Les EPHAD sont, pour résumer, composés :

  • des établissements médico-sociaux (maisons de retraite ou résidences-autonomie médicalisées
  • des unités de soins de longue durée

Les occupants sont des personnes dépendantes qui ne peuvent plus rester seules chez elles, et qui de retrouvent donc dans ces maisons de retraite médicalisées, parfois haut de gamme, parfois qui laissent à désirer. L’investisseur est lié au gestionnaire de la résidence via un bail commercial. Dans ces établissements, on y assure la restauration, les soins, l’entretien des linges. Un médecin et des infirmières sont présentes.

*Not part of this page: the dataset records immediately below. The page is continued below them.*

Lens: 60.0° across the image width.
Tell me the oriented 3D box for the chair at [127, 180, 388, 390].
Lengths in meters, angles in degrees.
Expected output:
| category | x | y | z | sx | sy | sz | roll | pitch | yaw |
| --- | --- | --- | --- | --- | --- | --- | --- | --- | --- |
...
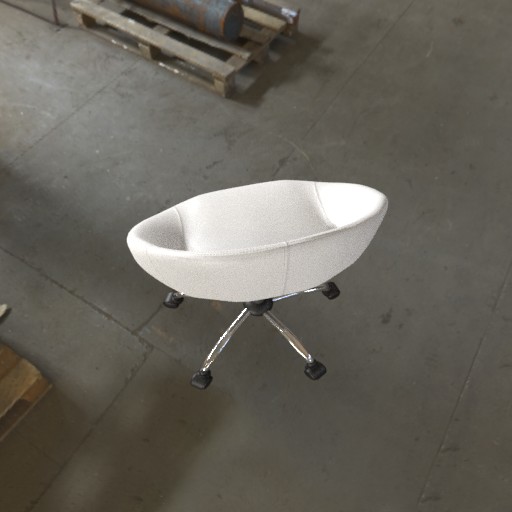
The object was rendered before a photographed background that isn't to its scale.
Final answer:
| category | x | y | z | sx | sy | sz | roll | pitch | yaw |
| --- | --- | --- | --- | --- | --- | --- | --- | --- | --- |
| chair | 0.000 | 0.000 | 1.200 | 0.612 | 0.791 | 0.538 | -11 | 59 | -7 |
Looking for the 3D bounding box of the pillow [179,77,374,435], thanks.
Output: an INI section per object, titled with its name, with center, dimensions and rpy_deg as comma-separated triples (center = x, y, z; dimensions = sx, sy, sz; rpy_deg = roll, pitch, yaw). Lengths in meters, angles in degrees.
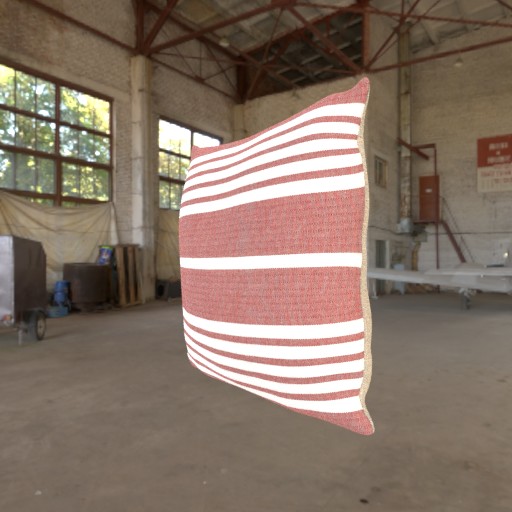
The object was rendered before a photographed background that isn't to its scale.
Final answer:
[pillow]
center = 0.000, 0.000, 0.686
dimensions = 0.182, 0.427, 0.439
rpy_deg = 0, 0, -36
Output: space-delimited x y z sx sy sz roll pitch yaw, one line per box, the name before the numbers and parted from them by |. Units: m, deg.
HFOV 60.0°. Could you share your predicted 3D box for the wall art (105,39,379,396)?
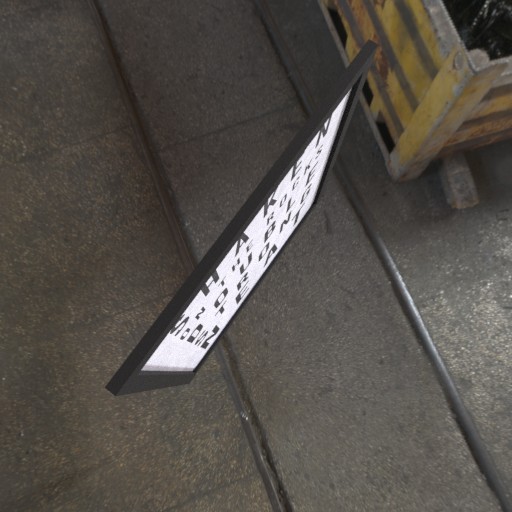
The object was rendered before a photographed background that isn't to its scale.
wall art | 0.000 0.000 0.667 0.013 0.458 0.456 34 78 8
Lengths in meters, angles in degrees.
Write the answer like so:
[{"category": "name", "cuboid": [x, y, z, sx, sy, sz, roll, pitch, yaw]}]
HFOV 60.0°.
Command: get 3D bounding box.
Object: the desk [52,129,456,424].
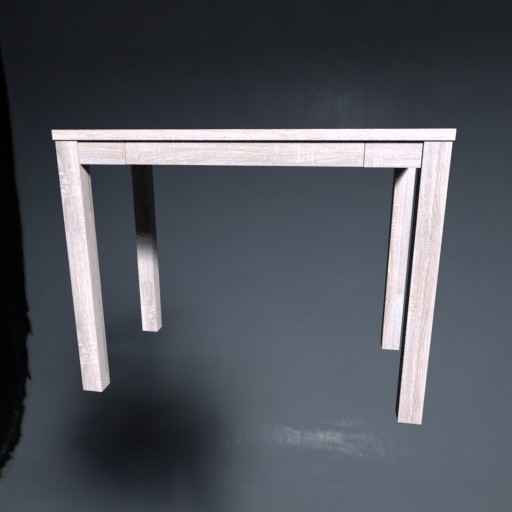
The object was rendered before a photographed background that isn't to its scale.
[{"category": "desk", "cuboid": [0.000, 0.000, 1.402, 0.991, 0.762, 0.495, 3, 15, 10]}]
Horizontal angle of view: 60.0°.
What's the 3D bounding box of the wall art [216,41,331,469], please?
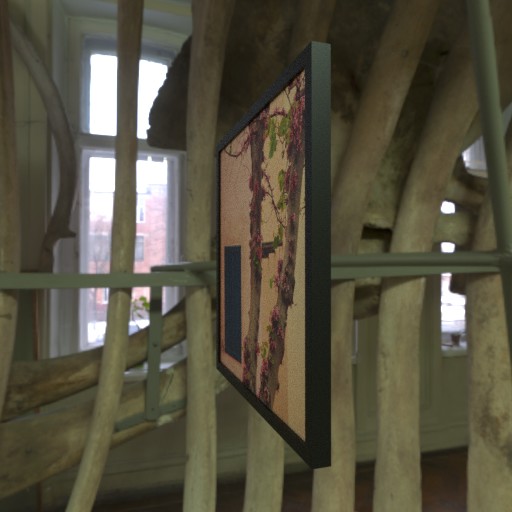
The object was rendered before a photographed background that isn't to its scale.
[{"bbox_3d":[0.000,0.000,1.156,0.038,0.762,0.762,0,0,-18],"label":"wall art"}]

En Bretagne , on recense un total de 491 résidences EHPAD pour quasiment 3,3 millions d’habitants. Le vieillissement de la population dans notre région est une réalité et les listes d’attentes pour trouver une place en EHPAD également. De plus certains niveaux de dépendance et certaines pathologies comme Alzheimer réduisent encore un peu plus les places disponibles en résidence EHPAD car la prise en charge d’Alzheimer par exemple nécessite une unité de soins spécialisée.Pour placer un proche dans un établissement EHPAD situé en Bretagne, la procédure a été nettement simplifiée avec un formulaire (cerfa 14732*01) unique à remplir en un seul exemplaire et à photocopier en fonction du nombre d’établissements auprès desquels la personne souhaite entrer. Il y aura principalement les informations qui concernent le patient et le bilan confidentiel complété par le médecin.